Todas estas indicaciones muestran que las cosas
sagradas están unidas de una manera especial a la Santidad divina; con ellas el
Señor hace valer la plenitud de sus derechos. En aquel pueblo, tentado tan
frecuentemente por los ritos paganos, Dios trató siempre de infundir un
profundo respeto por lo sagrado. Jesucristo subrayó esa enseñanza con un
espíritu nuevo. Precisamente el celo por la casa de Dios, por su
honor y su gloria, constituye una enseñanza central del Mesías, que Cristo
realiza al arrojar enérgicamente a los mercaderes del Templo; y en su
predicación insistirá en el respeto con que deben tratarse los dones divinos,
en ocasiones con palabras muy fuertes: no deis a los perros las casas
santas, no echéis vuestras perlas a los cerdos10.

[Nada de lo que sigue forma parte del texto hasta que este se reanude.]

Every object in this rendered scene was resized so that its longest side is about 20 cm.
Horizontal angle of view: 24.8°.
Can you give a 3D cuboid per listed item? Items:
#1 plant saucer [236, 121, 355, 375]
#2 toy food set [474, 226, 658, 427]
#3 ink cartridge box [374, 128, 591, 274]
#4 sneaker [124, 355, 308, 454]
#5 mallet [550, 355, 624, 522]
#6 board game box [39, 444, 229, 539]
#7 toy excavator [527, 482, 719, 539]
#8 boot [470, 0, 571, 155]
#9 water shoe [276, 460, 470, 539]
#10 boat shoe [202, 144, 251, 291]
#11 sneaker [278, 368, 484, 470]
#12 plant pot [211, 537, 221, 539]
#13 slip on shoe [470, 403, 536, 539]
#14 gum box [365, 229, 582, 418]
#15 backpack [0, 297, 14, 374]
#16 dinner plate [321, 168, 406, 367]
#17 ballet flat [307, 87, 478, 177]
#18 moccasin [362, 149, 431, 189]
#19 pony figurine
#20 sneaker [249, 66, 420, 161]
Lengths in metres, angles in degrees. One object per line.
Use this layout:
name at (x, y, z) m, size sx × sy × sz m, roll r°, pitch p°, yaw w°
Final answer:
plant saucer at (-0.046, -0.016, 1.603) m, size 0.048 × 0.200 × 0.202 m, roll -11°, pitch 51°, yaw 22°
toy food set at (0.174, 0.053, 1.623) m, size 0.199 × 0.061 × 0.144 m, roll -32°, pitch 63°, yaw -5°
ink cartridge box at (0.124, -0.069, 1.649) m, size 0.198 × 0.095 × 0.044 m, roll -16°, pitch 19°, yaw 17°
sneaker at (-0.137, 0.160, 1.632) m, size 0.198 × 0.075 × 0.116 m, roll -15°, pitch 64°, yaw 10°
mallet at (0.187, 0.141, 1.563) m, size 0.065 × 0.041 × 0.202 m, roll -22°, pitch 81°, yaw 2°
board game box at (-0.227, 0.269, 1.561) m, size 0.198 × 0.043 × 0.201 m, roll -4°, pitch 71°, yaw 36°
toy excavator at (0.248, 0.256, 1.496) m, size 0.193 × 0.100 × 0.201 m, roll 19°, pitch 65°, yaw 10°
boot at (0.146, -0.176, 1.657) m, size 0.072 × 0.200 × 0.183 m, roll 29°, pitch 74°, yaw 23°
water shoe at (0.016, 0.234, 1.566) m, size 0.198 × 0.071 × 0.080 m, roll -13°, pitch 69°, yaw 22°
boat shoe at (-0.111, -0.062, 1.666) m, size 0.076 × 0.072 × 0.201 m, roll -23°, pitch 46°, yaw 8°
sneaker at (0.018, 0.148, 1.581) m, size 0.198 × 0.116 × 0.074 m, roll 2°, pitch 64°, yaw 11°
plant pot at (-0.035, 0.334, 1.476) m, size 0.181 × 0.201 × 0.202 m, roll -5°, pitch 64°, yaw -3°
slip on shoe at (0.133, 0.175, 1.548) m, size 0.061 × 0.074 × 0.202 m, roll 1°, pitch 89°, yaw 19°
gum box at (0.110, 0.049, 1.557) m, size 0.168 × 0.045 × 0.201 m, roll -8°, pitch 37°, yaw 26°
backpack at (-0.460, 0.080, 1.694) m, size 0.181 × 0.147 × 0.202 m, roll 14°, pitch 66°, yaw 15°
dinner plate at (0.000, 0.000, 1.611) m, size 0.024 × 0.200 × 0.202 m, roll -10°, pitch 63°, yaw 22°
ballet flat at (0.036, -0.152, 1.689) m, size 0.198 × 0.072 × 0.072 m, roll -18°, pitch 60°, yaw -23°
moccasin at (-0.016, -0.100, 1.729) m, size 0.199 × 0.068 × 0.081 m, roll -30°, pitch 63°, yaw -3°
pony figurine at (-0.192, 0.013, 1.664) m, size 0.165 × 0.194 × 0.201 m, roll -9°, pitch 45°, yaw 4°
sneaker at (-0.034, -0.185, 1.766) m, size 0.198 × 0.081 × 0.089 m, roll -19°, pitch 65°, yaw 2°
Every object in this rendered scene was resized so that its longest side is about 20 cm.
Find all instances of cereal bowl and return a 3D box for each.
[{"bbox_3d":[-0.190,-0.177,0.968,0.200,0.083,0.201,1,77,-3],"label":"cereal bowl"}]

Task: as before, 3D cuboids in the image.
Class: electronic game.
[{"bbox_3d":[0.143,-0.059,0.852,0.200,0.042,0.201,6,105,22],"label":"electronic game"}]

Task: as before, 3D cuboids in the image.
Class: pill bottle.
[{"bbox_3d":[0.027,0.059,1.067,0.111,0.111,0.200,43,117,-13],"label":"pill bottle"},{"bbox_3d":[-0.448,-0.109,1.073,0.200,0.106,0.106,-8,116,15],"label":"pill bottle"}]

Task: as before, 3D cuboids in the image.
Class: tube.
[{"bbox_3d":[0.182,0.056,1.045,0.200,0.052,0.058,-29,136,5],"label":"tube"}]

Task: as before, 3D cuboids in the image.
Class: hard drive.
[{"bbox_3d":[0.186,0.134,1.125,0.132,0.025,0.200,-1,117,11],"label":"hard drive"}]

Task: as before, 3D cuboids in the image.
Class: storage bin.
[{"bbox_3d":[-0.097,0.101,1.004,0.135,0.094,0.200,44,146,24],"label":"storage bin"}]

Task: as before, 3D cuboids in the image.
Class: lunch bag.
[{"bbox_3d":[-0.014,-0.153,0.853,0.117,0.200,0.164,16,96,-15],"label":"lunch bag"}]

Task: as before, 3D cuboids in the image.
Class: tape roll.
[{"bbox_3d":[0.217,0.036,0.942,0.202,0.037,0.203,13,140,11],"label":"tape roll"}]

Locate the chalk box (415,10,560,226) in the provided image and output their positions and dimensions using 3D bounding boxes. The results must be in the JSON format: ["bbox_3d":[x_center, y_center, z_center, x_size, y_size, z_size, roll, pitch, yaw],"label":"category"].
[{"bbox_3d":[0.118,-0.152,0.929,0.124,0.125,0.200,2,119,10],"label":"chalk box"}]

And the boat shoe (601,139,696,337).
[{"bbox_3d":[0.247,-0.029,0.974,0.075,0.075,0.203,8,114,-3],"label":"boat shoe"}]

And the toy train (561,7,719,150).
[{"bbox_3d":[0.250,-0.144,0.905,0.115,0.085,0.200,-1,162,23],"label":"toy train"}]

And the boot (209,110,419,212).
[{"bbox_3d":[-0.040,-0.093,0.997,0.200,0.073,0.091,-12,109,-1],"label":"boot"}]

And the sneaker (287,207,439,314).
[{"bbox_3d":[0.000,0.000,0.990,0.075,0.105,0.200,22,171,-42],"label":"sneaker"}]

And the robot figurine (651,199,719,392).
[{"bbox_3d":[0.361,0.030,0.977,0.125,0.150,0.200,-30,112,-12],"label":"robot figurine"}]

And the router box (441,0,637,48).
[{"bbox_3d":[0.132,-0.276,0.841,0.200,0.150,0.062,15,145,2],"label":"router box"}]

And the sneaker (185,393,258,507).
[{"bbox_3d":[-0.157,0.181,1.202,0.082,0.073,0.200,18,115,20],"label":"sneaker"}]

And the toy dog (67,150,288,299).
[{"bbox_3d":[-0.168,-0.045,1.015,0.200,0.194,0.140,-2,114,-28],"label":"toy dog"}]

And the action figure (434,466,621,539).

Hoy asistimos en muchos lugares a un ambiente de
desacralización. En esas actitudes late una concepción atea de la persona, para
la cual «el sentido religioso, que la naturaleza ha infundido en los hombres,
ha de ser considerado como pura ficción o imaginación, y que debe, por tanto,
arrancarse totalmente de los espíritus por ser contraria absolutamente al
carácter de nuestra época y al progreso de la civilización»11.

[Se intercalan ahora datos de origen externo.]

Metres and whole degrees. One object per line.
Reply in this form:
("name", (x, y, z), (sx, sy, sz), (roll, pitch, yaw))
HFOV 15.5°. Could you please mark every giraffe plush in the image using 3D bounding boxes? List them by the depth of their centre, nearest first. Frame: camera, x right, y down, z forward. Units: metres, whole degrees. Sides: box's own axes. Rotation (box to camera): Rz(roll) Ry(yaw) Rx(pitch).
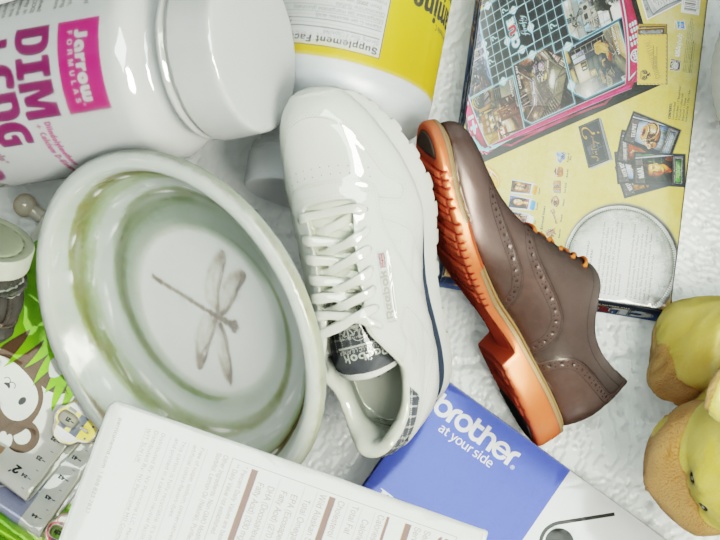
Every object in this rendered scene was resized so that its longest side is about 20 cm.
("giraffe plush", (0.219, 0.091, 1.400), (0.173, 0.200, 0.162), (46, 42, 2))

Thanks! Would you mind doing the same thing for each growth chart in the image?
("growth chart", (-0.183, 0.068, 1.489), (0.144, 0.018, 0.201), (25, 78, 1))

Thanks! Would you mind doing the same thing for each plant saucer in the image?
("plant saucer", (-0.088, 0.024, 1.422), (0.200, 0.200, 0.050), (52, 43, 6))

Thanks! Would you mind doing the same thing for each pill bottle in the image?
("pill bottle", (-0.144, -0.109, 1.434), (0.199, 0.113, 0.114), (-7, 78, 26))
("pill bottle", (-0.007, -0.136, 1.492), (0.111, 0.112, 0.201), (12, 79, -2))

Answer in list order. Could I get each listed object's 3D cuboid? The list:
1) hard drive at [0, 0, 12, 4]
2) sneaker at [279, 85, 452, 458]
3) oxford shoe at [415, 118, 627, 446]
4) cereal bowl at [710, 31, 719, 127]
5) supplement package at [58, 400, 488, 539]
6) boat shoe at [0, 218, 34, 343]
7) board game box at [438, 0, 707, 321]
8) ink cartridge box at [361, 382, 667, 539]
("hard drive", (-0.177, -0.200, 1.435), (0.199, 0.026, 0.132), (-13, 47, 20))
("sneaker", (0.000, 0.000, 1.405), (0.076, 0.081, 0.201), (-9, 111, 25))
("oxford shoe", (0.087, -0.004, 1.461), (0.072, 0.071, 0.201), (-27, 115, -6))
("cereal bowl", (0.280, -0.074, 1.487), (0.199, 0.084, 0.201), (20, 36, -15))
("supplement package", (-0.051, 0.158, 1.334), (0.199, 0.117, 0.118), (20, 77, 0))
("boat shoe", (-0.279, -0.016, 1.470), (0.200, 0.072, 0.061), (20, 118, 13))
("board game box", (0.124, -0.080, 1.530), (0.135, 0.035, 0.201), (9, 79, -2))
("ink cartridge box", (0.097, 0.157, 1.479), (0.200, 0.044, 0.094), (35, 77, 3))
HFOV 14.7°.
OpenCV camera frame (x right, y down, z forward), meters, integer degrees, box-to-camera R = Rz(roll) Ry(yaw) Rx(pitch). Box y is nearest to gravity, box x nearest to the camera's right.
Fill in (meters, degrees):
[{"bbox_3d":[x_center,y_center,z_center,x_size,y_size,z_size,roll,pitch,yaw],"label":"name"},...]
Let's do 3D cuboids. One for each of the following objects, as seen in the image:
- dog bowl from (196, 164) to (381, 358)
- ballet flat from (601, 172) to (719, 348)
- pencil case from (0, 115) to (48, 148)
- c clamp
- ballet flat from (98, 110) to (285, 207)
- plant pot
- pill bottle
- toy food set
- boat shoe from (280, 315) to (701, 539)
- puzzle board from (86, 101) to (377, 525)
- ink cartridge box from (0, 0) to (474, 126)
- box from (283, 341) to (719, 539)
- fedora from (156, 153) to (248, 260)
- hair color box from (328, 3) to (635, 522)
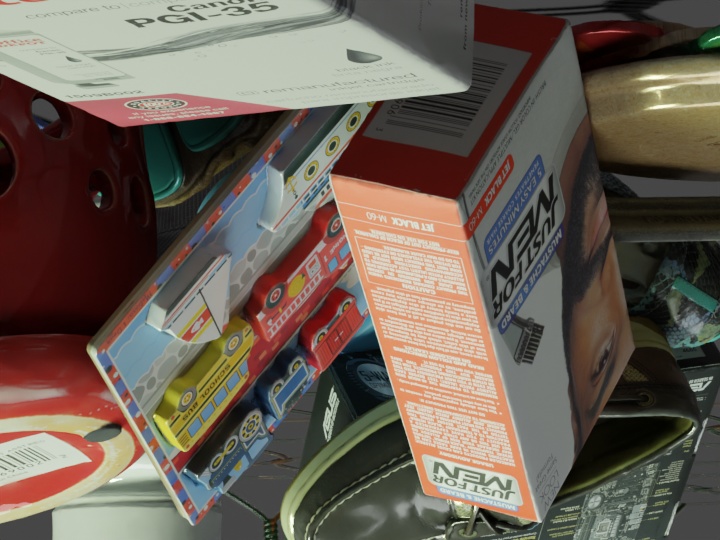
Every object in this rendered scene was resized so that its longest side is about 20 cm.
[{"bbox_3d":[0.000,0.000,1.306,0.111,0.050,0.200,-37,145,21],"label":"dog bowl"},{"bbox_3d":[0.100,-0.024,1.365,0.074,0.074,0.200,9,-169,-45],"label":"ballet flat"},{"bbox_3d":[-0.209,-0.024,1.422,0.078,0.087,0.200,-17,180,-29],"label":"pencil case"},{"bbox_3d":[0.112,-0.049,1.323,0.199,0.027,0.171,2,-161,-22],"label":"c clamp"},{"bbox_3d":[-0.063,-0.074,1.238,0.072,0.068,0.200,-17,175,-28],"label":"ballet flat"},{"bbox_3d":[-0.179,0.003,1.170,0.200,0.183,0.201,-12,158,-5],"label":"plant pot"},{"bbox_3d":[-0.127,0.065,1.603,0.114,0.201,0.114,0,170,0],"label":"pill bottle"},{"bbox_3d":[0.165,-0.078,1.215,0.197,0.049,0.200,2,171,-13],"label":"toy food set"},{"bbox_3d":[0.062,0.087,1.280,0.200,0.066,0.072,-24,132,-8],"label":"boat shoe"},{"bbox_3d":[-0.025,-0.002,1.158,0.017,0.200,0.151,30,160,27],"label":"puzzle board"},{"bbox_3d":[-0.064,-0.111,0.909,0.146,0.083,0.200,-4,170,23],"label":"ink cartridge box"},{"bbox_3d":[0.068,0.101,1.380,0.199,0.044,0.161,-8,135,-21],"label":"box"},{"bbox_3d":[-0.065,-0.018,1.438,0.176,0.091,0.200,1,163,-13],"label":"fedora"},{"bbox_3d":[0.056,-0.002,1.181,0.064,0.111,0.200,13,142,26],"label":"hair color box"}]

A la vez, vemos cómo crecen, incluso entre personas que se llaman cultas, las
prácticas adivinatorias, el culto desordenado y enfermizo a la estadística, a
la planificación...: la incredulidad sale por todas partes. Y es que, en lo
íntimo de su conciencia, el hombre atisba la existencia de Alguien que rige el
universo, y que no es alcanzable por la ciencia. «No tienen fe. —Pero tienen
supersticiones»12.
La Iglesia nos recuerda que solo Dios es nuestro único
Señor. Y ha querido determinar muchos detalles y formas del culto, que son
expresión del honor debido a Dios y de un verdadero amor. No solo enseña que la
Santa Misa es el centro de toda la Iglesia y de la vida de cada cristiano, y ha
determinado su liturgia; ha querido, además, que nuestras iglesias sean
verdaderas casas de oración. Ha dispuesto que los templos estén
abiertos en las horas convenientes «para que los fieles puedan fácilmente orar
ante el Santísimo Sacramento»13.
Ha señalado14 lo que ha sido práctica constante a través de los
siglos: el Sagrario ha de ser sólido, ha de estar en lugar destacado y a la vez
recogido, para que los cristianos puedan honrar al Santísimo Sacramento también
con culto privado. Ha de saberse, con signos claros, al entrar en un templo
dónde está el Sagrario; por eso se prescribe el conopeo (el velo que
ordinariamente debe cubrirlo), y que arda constantemente, en el altar del
Sagrario, una lámpara de cera..., aunque estos detalles son en primer lugar
manifestaciones de amor y de adoración a Jesucristo, realmente presente, y solo
en segundo término señales indicadoras de su presencia. Todos los fieles,
sacerdotes y laicos, hemos de ser «tan cuidadosos del culto y del honor divino,
que puedan con razón llamarse celosos más que amantes... para que imiten al
mismo Jesucristo, de quien son estas palabras: El celo de tu casa me
consume (Jn 2, 17)»15.
1 Primera
lectura. Año 1. 1 Mac 4, 36-37; 52-59. —
2 Lc 19,
45-48. —
3 Cfr. Ex 23,
15. —
4 Cfr. Sagrada
Biblia, Santos Evangelios, EUNSA, Pamplona 1983, nota
a Mt 21, 12-13. —
5 Cfr. Jn 2,
17. —
6 Is 56,
7. —
7 San
Josemaría Escrivá, Camino, n. 541. —
8 A.
Frossard, No tengáis miedo, Plaza Janés, Barcelona 1982,
pp. 12-13. —
9 Cfr. Ex 25,
1 ss. —
10 Mt 7,
6. —
11 Juan
XXIII, Enc. Mater et Magistra, 15-V-1961, 214. —
12 San
Josemaría Escrivá, o. c., n. 587. —
13 Pablo
VI, Instr, Eucharisticum misterium, 25-V-1967. —
14 Ibídem.
—
15 Catecismo
Romano, III 2, n. 27.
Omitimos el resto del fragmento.